Brisbane, New South Wales, Australia

Designer (Journalism)

Member since February 03, 2014

  • Landor Associates Product: Dyman The Making of Foam

    Communication, Communication Design

    Dyman Foam’s website makes the manufacture of foam look easy – “similar to the making of bread”. Of course, the chemical process are entirely different since, obviously, we cannot eat foam. Besides, foam requires the use of other chemicals to begin with. Polyol and TDI are the basic components of foam. Catalysts, water and blowing agents are added into the mix in order to finally come up with the final product. The similarity with bread lies in the production of many tiny pores or air spaces within the foam which provides the cushion effect, just like fluffy bread.

    But foam can also be hard, like bagels. Softness or hardness, together with weight, determines the quality of foam. Technical standards provide manufacturers a measure of the quality of foam. Just because a particular kind of foam is soft does not mean it is of good quality. The weight, aside from the softness, determines how foam performs. It is a simple measure of how much foam is contained and has an affect on the strength or durability of the end material.

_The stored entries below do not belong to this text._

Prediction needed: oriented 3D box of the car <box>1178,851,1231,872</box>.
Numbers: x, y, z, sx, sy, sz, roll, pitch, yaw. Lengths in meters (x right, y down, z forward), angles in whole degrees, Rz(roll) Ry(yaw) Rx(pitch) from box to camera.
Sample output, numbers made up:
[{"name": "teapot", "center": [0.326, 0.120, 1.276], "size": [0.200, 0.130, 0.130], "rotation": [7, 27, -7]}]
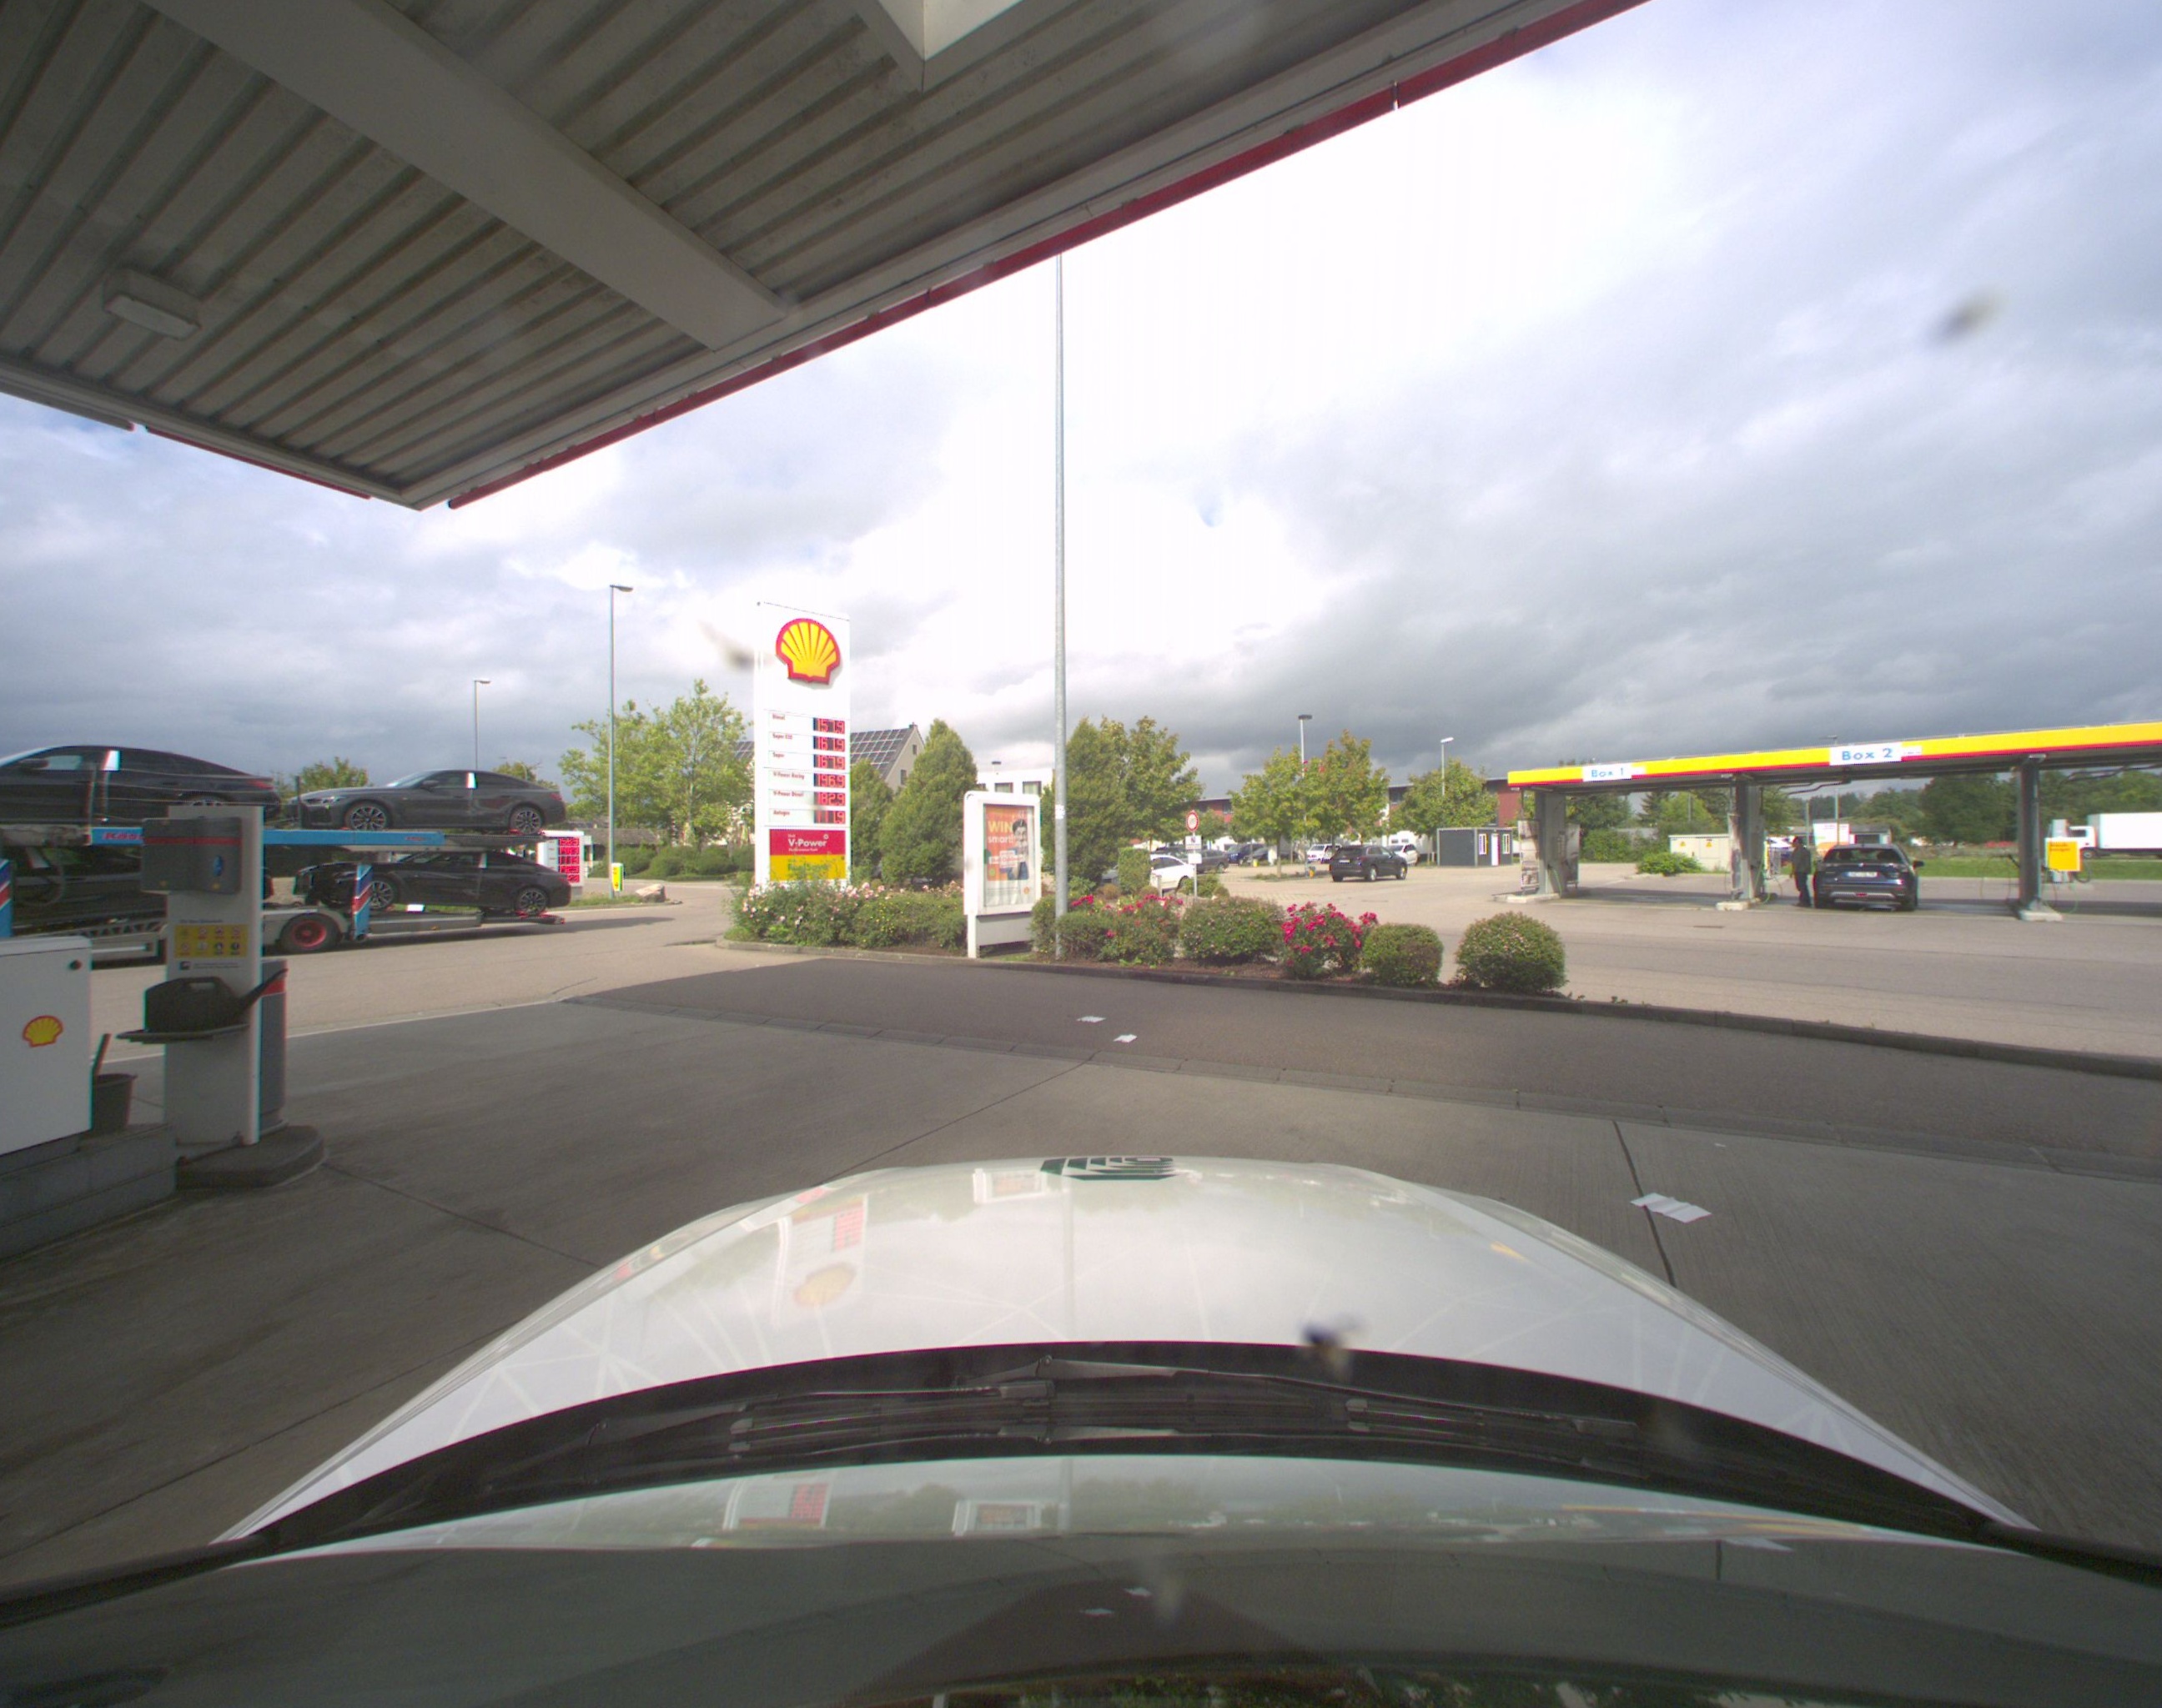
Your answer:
[{"name": "car", "center": [7.544, 0.450, 49.713], "size": [3.245, 1.228, 1.488], "rotation": [0, -1, -42]}]

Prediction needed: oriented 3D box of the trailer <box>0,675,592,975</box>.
[{"name": "trailer", "center": [-16.433, -0.413, 13.694], "size": [2.711, 4.423, 14.450], "rotation": [-1, -1, 31]}]

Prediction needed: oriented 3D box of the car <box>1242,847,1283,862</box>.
[{"name": "car", "center": [14.497, 0.036, 64.883], "size": [3.437, 1.179, 1.468], "rotation": [0, -1, -42]}]

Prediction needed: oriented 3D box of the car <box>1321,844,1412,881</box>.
[{"name": "car", "center": [12.879, 0.374, 36.587], "size": [4.527, 1.548, 1.864], "rotation": [0, -1, -41]}]

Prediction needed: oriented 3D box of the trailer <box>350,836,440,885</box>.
[{"name": "trailer", "center": [-57.219, 0.549, 67.743], "size": [12.548, 3.776, 2.757], "rotation": [-1, -1, 36]}]

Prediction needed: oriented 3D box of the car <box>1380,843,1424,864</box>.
[{"name": "car", "center": [20.611, -0.046, 52.223], "size": [3.120, 1.307, 1.352], "rotation": [0, -1, -42]}]

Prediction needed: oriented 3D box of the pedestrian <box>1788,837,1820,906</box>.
[{"name": "pedestrian", "center": [18.276, 0.437, 20.598], "size": [0.551, 1.722, 0.531], "rotation": [-1, -1, 38]}]

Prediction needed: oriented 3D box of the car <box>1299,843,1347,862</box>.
[{"name": "car", "center": [23.879, -0.120, 80.275], "size": [4.903, 1.833, 2.159], "rotation": [0, -1, -41]}]

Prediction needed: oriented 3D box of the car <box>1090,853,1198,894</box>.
[{"name": "car", "center": [2.397, 0.683, 30.029], "size": [4.368, 1.404, 1.354], "rotation": [0, -1, -42]}]

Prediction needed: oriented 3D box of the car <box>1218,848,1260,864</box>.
[{"name": "car", "center": [12.955, 0.184, 66.667], "size": [3.407, 1.320, 1.726], "rotation": [0, -1, -42]}]

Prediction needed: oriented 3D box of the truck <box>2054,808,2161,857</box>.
[{"name": "truck", "center": [78.235, -1.561, 60.011], "size": [7.989, 3.534, 2.714], "rotation": [-1, -1, 41]}]

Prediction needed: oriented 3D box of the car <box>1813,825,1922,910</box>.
[{"name": "car", "center": [19.440, 0.314, 20.082], "size": [3.828, 1.897, 1.703], "rotation": [0, -1, -43]}]

    As Dyman explains it, cheap foam can be made soft or hard; but it will remain of low quality. The weight or density of the foam is a rough measure of the quality of foam as we notice in terms of how heavy good foam is compared to the cheap kind. Likewise, we are informed that color has nothing to do with the quality of the foam. The color is merely added to distinguish between different types and densities of the foam.

    Knowing the above basic info about foam will help buyers and users have better judgment when choosing what type of foam to purchase in the future. They will no longer be mere unconcerned or unaware users of foam, which we take for granted often as it is hidden from our sight, but discriminating and money-savvy consumers.

  • We also walk on foam and even wear it, come to think of it. Yet, we often use it till it has lost it cushion entirely. Like frogs which do not realize the water is boiling, we keep sitting or sleeping on foam that no longer bounces.

  • Wikipedia says that polyol is an alcohol. TDI, on the other hand, is a raw material that may have adverse effects because of antibodies it contains. The manufacturing process involving TDI requires engineering controls and industry practices to protect the workers and the public. Well, alcohol and antibodies don’t mix well, as we know; so foam must be safe to use.

  • Very informative website. Thanks.

  • The industrial revolution has allowed us to harness almost anything for human use. Foam, a very humble product, is indeed a highly versatile product we take for granted.